Data Science Project Start-Up Phase
The start-up phase of a data science project is, for me, one of the most exciting parts of the project, but it is also one of the most unclear phases. To have a fighting chance of making it to production, there are several factors that are extremely important and need to be addressed.
The most important part is the non-technical objective functions, which can be loosely stated as: What do you want to achieve within what constraints? As an example, we can use price optimization in an e-commerce setting. The first intuitive objective is to maximize the earnings from the product. But, if the constraints are not there, for example, while having a retention rate that is high enough, the objective function might lead to bad results, optimizing for single purchases.
A great way to start ideation with the objective function is to focus on the problem and learn how to describe it, not accepting solutions by themselves. By describing the problem, the solution can be reached as a consensus and free from legacies that lead to non-optimal results.
Another great way to challenge solutions comes from the first-principles methodology, where the first step is to make the requirements less dumb. This means that you ask why a lot and try to understand the requirements raison-d´etre, or reason for existence. The reason might be redundant or even harmful to solving the current problem.
Always challenge assumptions, and always try to remove layers until you get to the core of the problem.
Data Exploration in Start-Phase
A big problem in data science related projects is that to understand the data and exploit it to its fullest potential, there is a need to understand the data. A good starting phase is to talk with business analysts and have sessions with data engineers, analysts, or others using the tools that are available.

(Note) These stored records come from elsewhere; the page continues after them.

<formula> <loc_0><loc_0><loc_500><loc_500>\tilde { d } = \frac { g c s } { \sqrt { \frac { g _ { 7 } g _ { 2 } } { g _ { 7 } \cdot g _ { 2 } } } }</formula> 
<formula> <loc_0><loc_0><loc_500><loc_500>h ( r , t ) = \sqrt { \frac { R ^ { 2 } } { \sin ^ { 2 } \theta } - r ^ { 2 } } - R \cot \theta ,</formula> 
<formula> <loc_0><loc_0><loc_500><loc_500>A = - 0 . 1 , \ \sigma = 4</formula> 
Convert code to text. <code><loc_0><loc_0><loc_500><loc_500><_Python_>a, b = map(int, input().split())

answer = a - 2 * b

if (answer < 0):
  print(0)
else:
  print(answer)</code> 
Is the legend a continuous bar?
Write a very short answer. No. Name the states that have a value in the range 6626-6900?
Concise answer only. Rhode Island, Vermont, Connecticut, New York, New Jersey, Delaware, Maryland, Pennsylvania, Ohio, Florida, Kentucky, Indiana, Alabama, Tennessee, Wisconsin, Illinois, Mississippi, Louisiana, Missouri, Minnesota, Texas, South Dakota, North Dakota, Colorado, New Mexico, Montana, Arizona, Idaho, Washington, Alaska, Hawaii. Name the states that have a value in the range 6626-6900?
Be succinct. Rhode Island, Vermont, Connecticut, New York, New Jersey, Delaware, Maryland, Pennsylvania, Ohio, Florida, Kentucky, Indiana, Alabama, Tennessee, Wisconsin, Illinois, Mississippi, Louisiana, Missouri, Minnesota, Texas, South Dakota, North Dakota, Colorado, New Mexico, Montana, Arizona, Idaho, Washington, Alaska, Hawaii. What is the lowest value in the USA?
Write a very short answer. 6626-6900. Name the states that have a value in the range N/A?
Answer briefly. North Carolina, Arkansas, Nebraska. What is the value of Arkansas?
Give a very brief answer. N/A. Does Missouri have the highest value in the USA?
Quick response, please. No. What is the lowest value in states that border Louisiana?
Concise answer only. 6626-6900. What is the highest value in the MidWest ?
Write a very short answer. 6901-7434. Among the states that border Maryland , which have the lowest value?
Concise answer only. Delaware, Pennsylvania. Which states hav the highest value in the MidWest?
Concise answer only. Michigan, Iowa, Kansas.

Playing around in PowerBI might give some quick intuitions about the capabilities of ML models, the data quality, and the data availability.
In traditional software projects, most of the responses to implementing features will be yes, but with some caveats (Might be complex, might lead to technical debt, etc.). However, with data science projects, the most common response will be maybe; it depends on the data. Therefore, having a grasp of the data foundation can help concretize the problem statement and help data scientists explain the requirements.
Constraints and Opportunities of Machine Learning
Before a machine learning project starts, it must be prioritized, and the team working on the project must be built. The key considerations in the prioritization of a machine learning project, are impact and cost. The impact of using machine learning is high when,
- Machine learning can replace a complex part in your engineering project, or
- there’s a great benefit in getting inexpensive (butprobably imperfect) predictions. The cost of the machine learning project is highly influenced by three factors:
- The difficulty of the problem.
- The cost of data.
- The needed model performance quality. The progress of a machine learning project is nonlinear. The error usually decreases fast in the beginning, but then the progress slows down. Because of this nonlinearity of progress, it’s better to make sure that the client understands the constraints and the risks. Carefully log every activity and track the time it took A machine learning projects can fail for many reasons, and most actually do. Typical reasons for a failure are:
- Lack of experienced talent,
- Lack of support by the leadership.
- Missing data infrastructure.
- Data labeling challenge.
- Siloed organizations and lack of collaboration.
- Technically infeasible projects.
- Lack of alignment between technical and business teams.
Links
- DS Project Quick Start
- A good note from the article: clean the Jupyter notebooks weekly and refactor code into
.py
files instead of copy-pasting cells. My thoughts on this are that it is quite easy to assume the functions just "work." However, if not in some sort of testing regime, it is quite easy to fall into traps and change the functions and have to restart notebooks all the time.
- A good note from the article: clean the Jupyter notebooks weekly and refactor code into
- AutoML packages that can be useful.
- Google Machine Learning Problem Framing
- AWS Guide to ML Problem Framing
Thoughts
- Data Centric AI should have significant considerations here.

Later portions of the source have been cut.